| Required work |
Give back the lines below verbatim, omitting all pictures.

| Data to examine |
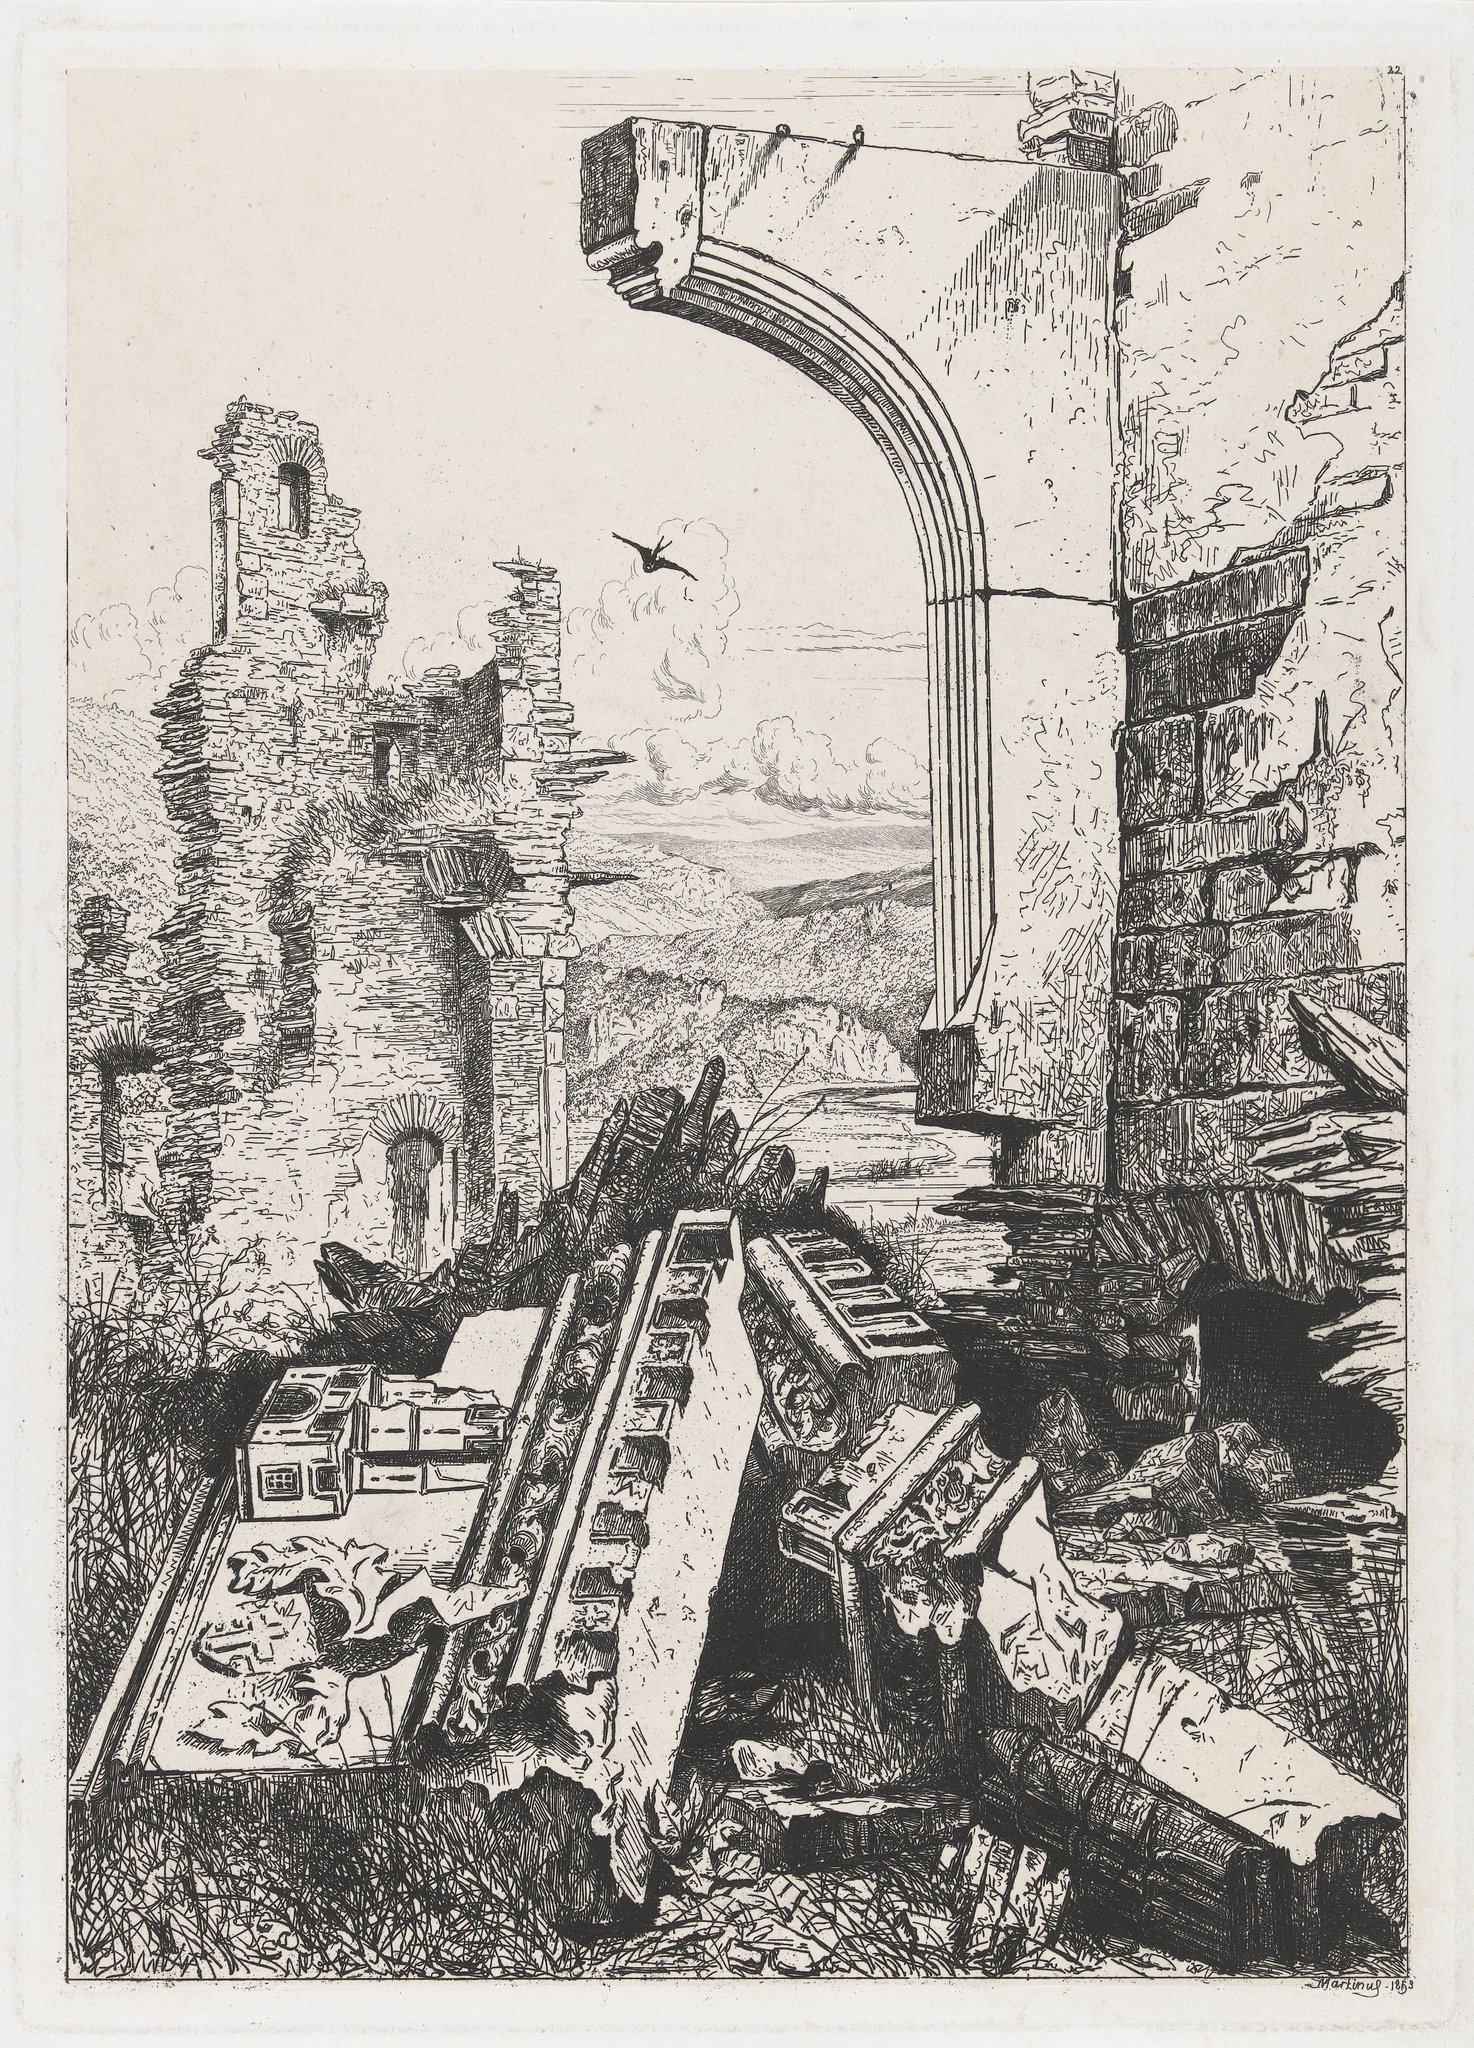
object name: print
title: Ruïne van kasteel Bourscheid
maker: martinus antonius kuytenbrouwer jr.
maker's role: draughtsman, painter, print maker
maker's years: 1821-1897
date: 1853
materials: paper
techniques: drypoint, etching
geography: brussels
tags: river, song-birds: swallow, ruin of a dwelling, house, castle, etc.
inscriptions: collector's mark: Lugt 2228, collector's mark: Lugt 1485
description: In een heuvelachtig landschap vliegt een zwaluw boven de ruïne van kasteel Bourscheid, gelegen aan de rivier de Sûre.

| Reply to the task |
object name: print
title: Ruïne van kasteel Bourscheid
maker: martinus antonius kuytenbrouwer jr.
maker's role: draughtsman, painter, print maker
maker's years: 1821-1897
date: 1853
materials: paper
techniques: drypoint, etching
geography: brussels
tags: river, song-birds: swallow, ruin of a dwelling, house, castle, etc.
inscriptions: collector's mark: Lugt 2228, collector's mark: Lugt 1485
description: In een heuvelachtig landschap vliegt een zwaluw boven de ruïne van kasteel Bourscheid, gelegen aan de rivier de Sûre.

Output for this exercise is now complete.